Confira o depoimento que ela concedeu ao PortalPlenaGente+
Um projeto de vida
Após me tornar guia, eu tive grandes experiências em altitude. Estive na Argentina, Bolívia, Equador, ganhando bastante experiência. Em seguida, pude ir ao Kilimanjaro, na Tanzânia, e depois no Elbrus que fica na Rússia. Também conheci o campo base do Everest. Enfim, fui ganhando experiência física, técnica e emocional em altitude. Até que em dezembro de 2019, eu me empolguei, me entusiasmei e desejei escalar o Everest por conta de uma foto: a foto do Vale do Silêncio. Essa foto me motivou a tentar essa empreitada. E aí, em março de 2020, eu escrevi um planejamento para ter a expedição Everest no ano seguinte. Nesse planejamento, coloquei quais eram os requisitos físicos, técnicos e emocionais necessários. Descobri que, por conta do meu trabalho, já estavam garantidos, mas eu não tinha o recurso financeiro e, por conta disso, fui trabalhar com reciclagem de materiais, uma atividade que eu já tinha experimentado na minha infância. Eu voltei a ser uma cotadora de reciclados e, após 12 meses e 15 dias, nós conseguimos reunir mais de 130 toneladas, o que me permitiu um terço do recurso necessário para o Everest. Os outros dois terços foram a partir de outras iniciativas, bazar, brechó, leilão de equipamentos usados, venda de fotografias, venda de camisetas feitas de plástico PET reciclado, patrocínio de sete empresas. Embarquei no local e participei dessa expedição no Everest por 54 dias de montanha. No dia 23 de maio, cheguei ao topo desta montanha após o desafio físico, técnico, emocional, princípio de edema pulmonar, queimadura de córnea, também sofri machismo e racismo na montanha. Diante de tantos desafios, ainda assim, consegui superar, conectada a um propósito. O propósito não era chegar ao topo, o propósito era fazer com que essa expedição me possibilitasse ativar o meu projeto de vida. O meu projeto de vida, o meu propósito de vida é a transformação das periferias do Brasil. O meu projeto de vida é realmente transformar a vida das pessoas, especialmente as mulheres, pessoas negras e periféricas.
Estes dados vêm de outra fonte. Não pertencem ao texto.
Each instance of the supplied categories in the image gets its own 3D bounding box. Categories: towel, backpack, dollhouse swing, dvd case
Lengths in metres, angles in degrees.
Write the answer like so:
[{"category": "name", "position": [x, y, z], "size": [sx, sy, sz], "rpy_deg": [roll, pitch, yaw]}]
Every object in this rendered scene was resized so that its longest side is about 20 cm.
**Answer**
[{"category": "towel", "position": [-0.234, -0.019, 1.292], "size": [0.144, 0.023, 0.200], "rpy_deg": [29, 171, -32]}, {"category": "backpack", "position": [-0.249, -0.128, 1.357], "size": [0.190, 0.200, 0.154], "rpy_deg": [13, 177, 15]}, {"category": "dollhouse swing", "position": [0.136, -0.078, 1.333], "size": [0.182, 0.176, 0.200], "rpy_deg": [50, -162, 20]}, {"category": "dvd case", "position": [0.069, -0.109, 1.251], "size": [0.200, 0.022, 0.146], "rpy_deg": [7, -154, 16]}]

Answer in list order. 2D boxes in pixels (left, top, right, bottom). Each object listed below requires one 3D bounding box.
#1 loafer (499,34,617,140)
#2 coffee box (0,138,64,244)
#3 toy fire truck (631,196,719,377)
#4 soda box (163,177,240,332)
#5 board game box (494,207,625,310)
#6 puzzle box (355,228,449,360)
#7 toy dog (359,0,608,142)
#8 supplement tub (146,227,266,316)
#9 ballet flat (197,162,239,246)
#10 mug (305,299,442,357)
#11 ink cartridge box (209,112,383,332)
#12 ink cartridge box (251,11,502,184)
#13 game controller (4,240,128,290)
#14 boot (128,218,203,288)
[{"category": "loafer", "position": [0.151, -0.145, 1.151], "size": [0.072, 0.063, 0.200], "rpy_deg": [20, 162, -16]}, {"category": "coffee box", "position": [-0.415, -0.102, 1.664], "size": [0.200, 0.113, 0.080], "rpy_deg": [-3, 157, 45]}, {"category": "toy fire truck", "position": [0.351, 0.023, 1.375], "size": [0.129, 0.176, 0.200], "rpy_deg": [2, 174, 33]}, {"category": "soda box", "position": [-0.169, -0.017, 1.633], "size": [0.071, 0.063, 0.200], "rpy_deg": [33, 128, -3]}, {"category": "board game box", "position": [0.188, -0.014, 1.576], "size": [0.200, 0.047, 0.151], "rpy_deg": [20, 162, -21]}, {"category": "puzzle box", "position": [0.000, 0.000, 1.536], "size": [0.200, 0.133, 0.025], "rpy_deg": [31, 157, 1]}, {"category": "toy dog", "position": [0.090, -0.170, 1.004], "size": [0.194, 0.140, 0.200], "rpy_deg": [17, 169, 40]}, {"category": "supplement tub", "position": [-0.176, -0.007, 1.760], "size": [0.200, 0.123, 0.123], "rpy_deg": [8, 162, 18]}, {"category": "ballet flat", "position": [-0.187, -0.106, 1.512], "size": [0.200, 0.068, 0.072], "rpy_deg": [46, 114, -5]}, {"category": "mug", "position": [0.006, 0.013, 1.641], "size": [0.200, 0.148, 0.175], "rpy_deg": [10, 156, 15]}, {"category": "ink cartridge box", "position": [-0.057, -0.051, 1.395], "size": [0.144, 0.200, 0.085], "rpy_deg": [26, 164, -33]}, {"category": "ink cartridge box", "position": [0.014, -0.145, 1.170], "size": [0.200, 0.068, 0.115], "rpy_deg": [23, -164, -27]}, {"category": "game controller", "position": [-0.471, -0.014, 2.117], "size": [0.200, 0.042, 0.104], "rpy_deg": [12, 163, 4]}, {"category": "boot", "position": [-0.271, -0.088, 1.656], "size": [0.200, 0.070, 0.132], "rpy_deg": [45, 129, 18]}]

Etapas físicas, emocionais e sociais
As etapas necessárias para concretizar essa empreitada foram esses cinco passos que eu falei: condicionamento físico, conhecer a escalada em rocha, conhecer a escalada em gelo, conhecer o corpo em altitude e ter escalada em montanha de 7mil a 8 mil metros. O sexto passo foi o financeiro, conseguir o recurso financeiro de quase 1 milhão de reais para pagar a expedição. O custo da expedição, porte terrestre, equipamento, seguro aventura, seguro resgate, alimentação, carregador, guia, aéreo, enfim, tudo que envolvia a expedição Everest, a minha saída do Brasil ao Nepal, custou aproximadamente 67 mil dólares.
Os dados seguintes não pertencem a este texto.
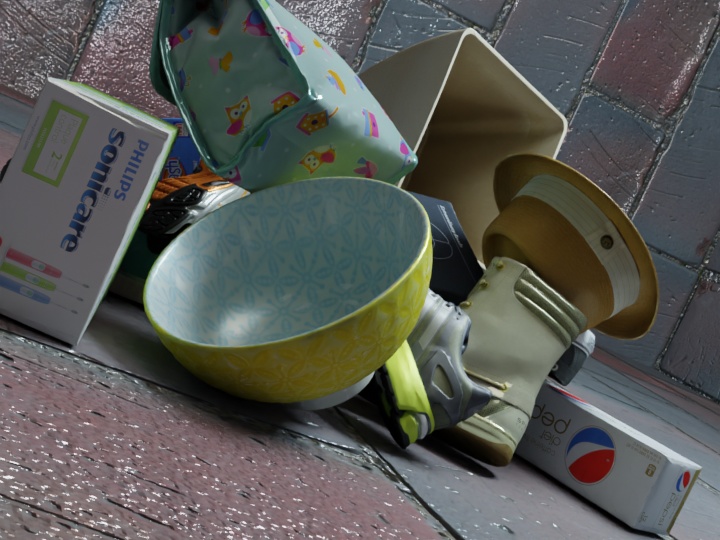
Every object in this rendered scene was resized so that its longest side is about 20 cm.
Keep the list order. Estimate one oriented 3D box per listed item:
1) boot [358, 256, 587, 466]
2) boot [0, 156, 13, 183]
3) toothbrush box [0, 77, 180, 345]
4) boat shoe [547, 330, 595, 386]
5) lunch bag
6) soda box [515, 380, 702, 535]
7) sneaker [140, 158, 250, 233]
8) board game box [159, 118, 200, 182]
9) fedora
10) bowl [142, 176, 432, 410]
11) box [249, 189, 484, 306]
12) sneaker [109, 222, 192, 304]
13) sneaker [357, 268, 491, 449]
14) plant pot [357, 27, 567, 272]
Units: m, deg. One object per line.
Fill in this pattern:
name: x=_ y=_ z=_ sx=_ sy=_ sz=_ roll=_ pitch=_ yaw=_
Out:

A Conquista da representatividade
A escalada do Everest começou em abril e eu cheguei ao topo no dia 23 de maio de 2021. Essa conquista é muito representativa. Eu me tornei a primeira negra latino-americana a chegar no topo do Everest, isso significa que outras também podem chegar. O meu objetivo não era ser a primeira, o meu objetivo era ser uma de muitas e só me interessa realmente falar desse projeto, ter executado esse projeto porque eu reconheço que a minha jornada pode transformar a vida de outras mulheres negras. Eu batalho, luto pra que outras pessoas negras ocupem esse espaço da montanha também que ainda é extremamente elitizado, que ainda é é extremamente seletivo do ponto de vista social e econômico. Recentemente, em novembro de 2024, eu consegui guiar, levar grupo de pessoas negras do Brasil ao topo da África, o Kilimanjaro, numa expedição que a gente chamou de expedição Sankofa. Houve muito impacto na vida dessas pessoas que estiveram comigo lá, e a gente é muito grato não somente pelo incentivo da minha própria empresa que patrocinou parte dessa expedição, mas também da empresa Move, que foi a outra patrocinadora. Teve uma marca apoiadora em equipamentos, que foi a Decathlon, mas absolutamente eu tenho sentido muito orgulho e gratidão em perceber que a minha escalada não é só minha. A minha escalada é nossa, ela resulta em conquistas coletivas.

Como tudo começou?
O projeto de escalada do Everest começou quando eu nem mesmo tinha imaginado ou estabelecido como meta pra minha vida, foi em 2004 quando eu assisti à palestra sobre montanhismo, em 2007 eu comecei a trabalhar com isso, e aí em2019 eu projetei a escalada. Em 2020 eu consegui participar dessa expedição. Como já disse, era (é) indispensável ter volume de experiência em alta montanha, saber como o meu corpo reagiria a esse tipo de ambiente, ao gelo, à neve, ao terreno acidentado, ao ar rarefeito, e também ter escalado uma montanha muito semelhante ao do ponto de vista de altitude que seria, ter escalado uma montanha de 7.000 a 8.000 metros. Eu escalei quatro vezes até o topo do monte a Aconcágua. Também enfrentei muitos problemas, principalmente relacionados à questão financeira, mas também de saúde, eu me lembro que o meu joelho, que tinha recém sido operado do ligamento cruzado anterior durante o meu trabalho com a reciclagem, estava muito instável, e eu precisava realmente dar uma atenção em relação a isso. Na própria expedição, eu tive problema seríssimo de saúde em que minha saturação chegou a 70% e eu tinha dificuldade de respirar, de comer, de andar, de seguir em frente com a empreitada. Mas graças ao corpo médico e guias que me davam suporte ali na montanha, eu consegui recuperar e seguir em frente. Também tive queimadura de córnea porque andei sem a proteção ocular, sem os óculos. E aí após repouso e venda nos olhos por dois dias eu consegui recuperar e seguir em frente.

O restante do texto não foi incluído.